BEGIN RECORDED DATA

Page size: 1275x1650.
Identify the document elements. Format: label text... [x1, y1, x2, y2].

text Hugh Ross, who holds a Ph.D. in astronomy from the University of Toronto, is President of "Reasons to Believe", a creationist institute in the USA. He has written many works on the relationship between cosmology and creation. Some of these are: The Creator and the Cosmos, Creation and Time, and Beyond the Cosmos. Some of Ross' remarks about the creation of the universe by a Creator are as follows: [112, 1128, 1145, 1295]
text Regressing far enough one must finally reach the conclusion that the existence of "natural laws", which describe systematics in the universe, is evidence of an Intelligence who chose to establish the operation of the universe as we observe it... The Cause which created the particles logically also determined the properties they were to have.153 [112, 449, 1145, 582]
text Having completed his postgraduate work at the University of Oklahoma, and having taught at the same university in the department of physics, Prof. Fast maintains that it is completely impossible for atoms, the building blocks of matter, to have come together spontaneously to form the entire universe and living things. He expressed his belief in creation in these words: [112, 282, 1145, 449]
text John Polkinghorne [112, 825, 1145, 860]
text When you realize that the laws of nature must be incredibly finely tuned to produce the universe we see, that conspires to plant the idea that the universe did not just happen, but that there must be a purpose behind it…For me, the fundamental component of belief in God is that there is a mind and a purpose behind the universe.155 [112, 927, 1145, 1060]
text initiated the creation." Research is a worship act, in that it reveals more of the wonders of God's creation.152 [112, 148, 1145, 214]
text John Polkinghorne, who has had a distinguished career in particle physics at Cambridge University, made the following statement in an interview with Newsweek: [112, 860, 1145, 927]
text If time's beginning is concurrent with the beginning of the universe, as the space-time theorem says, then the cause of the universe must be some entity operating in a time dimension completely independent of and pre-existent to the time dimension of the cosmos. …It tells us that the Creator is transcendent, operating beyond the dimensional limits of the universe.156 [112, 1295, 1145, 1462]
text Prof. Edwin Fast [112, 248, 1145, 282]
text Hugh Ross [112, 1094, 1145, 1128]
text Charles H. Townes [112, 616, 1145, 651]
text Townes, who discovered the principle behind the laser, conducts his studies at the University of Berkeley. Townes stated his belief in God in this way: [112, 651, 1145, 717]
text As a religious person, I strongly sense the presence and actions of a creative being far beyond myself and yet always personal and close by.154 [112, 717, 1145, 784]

END RECORDED DATA
BEGIN RECORDED DATA

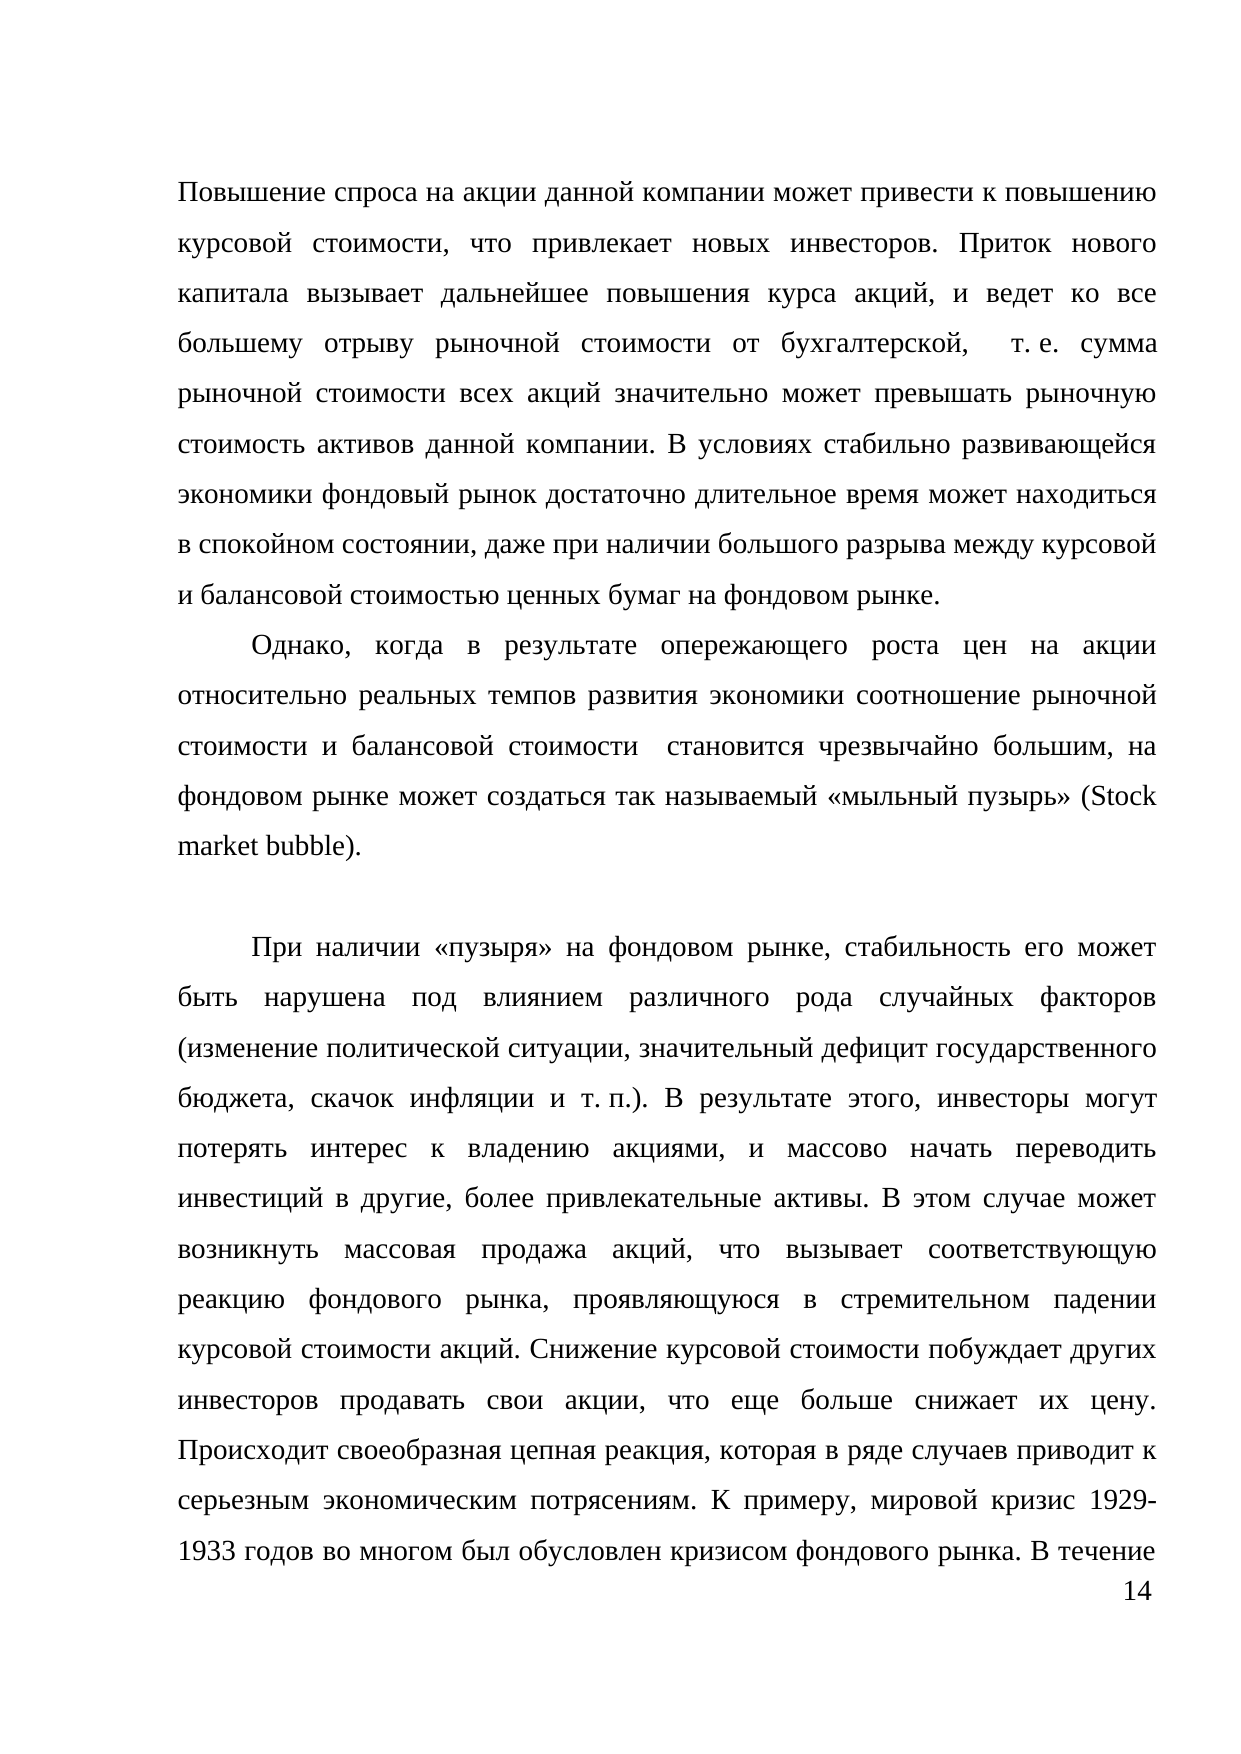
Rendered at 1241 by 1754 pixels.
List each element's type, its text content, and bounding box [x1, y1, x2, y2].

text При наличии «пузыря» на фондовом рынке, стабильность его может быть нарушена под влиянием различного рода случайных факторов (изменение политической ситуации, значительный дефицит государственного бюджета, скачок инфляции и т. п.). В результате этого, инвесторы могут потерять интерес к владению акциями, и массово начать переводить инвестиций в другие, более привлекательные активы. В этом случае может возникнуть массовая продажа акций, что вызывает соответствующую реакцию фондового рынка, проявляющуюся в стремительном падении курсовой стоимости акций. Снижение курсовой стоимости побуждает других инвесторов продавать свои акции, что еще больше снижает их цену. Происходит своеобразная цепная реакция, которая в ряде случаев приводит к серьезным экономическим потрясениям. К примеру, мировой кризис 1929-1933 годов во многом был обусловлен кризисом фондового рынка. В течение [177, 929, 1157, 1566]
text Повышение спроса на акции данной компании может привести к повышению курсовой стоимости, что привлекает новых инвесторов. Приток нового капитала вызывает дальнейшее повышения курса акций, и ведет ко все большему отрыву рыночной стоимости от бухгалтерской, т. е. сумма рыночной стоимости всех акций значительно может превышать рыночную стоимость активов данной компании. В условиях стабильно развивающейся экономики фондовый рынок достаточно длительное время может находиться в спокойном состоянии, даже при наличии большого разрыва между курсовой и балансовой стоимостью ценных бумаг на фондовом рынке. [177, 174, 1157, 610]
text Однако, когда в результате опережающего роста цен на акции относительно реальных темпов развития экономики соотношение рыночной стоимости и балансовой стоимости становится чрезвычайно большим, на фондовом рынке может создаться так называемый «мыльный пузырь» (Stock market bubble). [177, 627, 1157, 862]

END RECORDED DATA
BEGIN RECORDED DATA

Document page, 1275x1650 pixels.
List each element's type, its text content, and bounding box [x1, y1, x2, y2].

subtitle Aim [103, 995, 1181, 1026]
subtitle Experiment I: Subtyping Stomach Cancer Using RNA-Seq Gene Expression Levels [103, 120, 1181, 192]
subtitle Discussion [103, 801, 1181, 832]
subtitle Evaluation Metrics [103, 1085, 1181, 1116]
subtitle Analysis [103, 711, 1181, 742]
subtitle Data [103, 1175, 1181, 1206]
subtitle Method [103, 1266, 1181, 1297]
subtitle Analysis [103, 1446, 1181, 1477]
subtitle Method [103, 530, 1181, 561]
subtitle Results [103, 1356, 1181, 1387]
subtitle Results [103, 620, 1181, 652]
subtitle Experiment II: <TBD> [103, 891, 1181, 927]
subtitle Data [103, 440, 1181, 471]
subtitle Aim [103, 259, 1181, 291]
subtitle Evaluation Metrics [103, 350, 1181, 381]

END RECORDED DATA

From the lines above, copy those that contain the word "pixels".

Rendered at 1241 by 1754 pixels.
Document page, 1275x1650 pixels.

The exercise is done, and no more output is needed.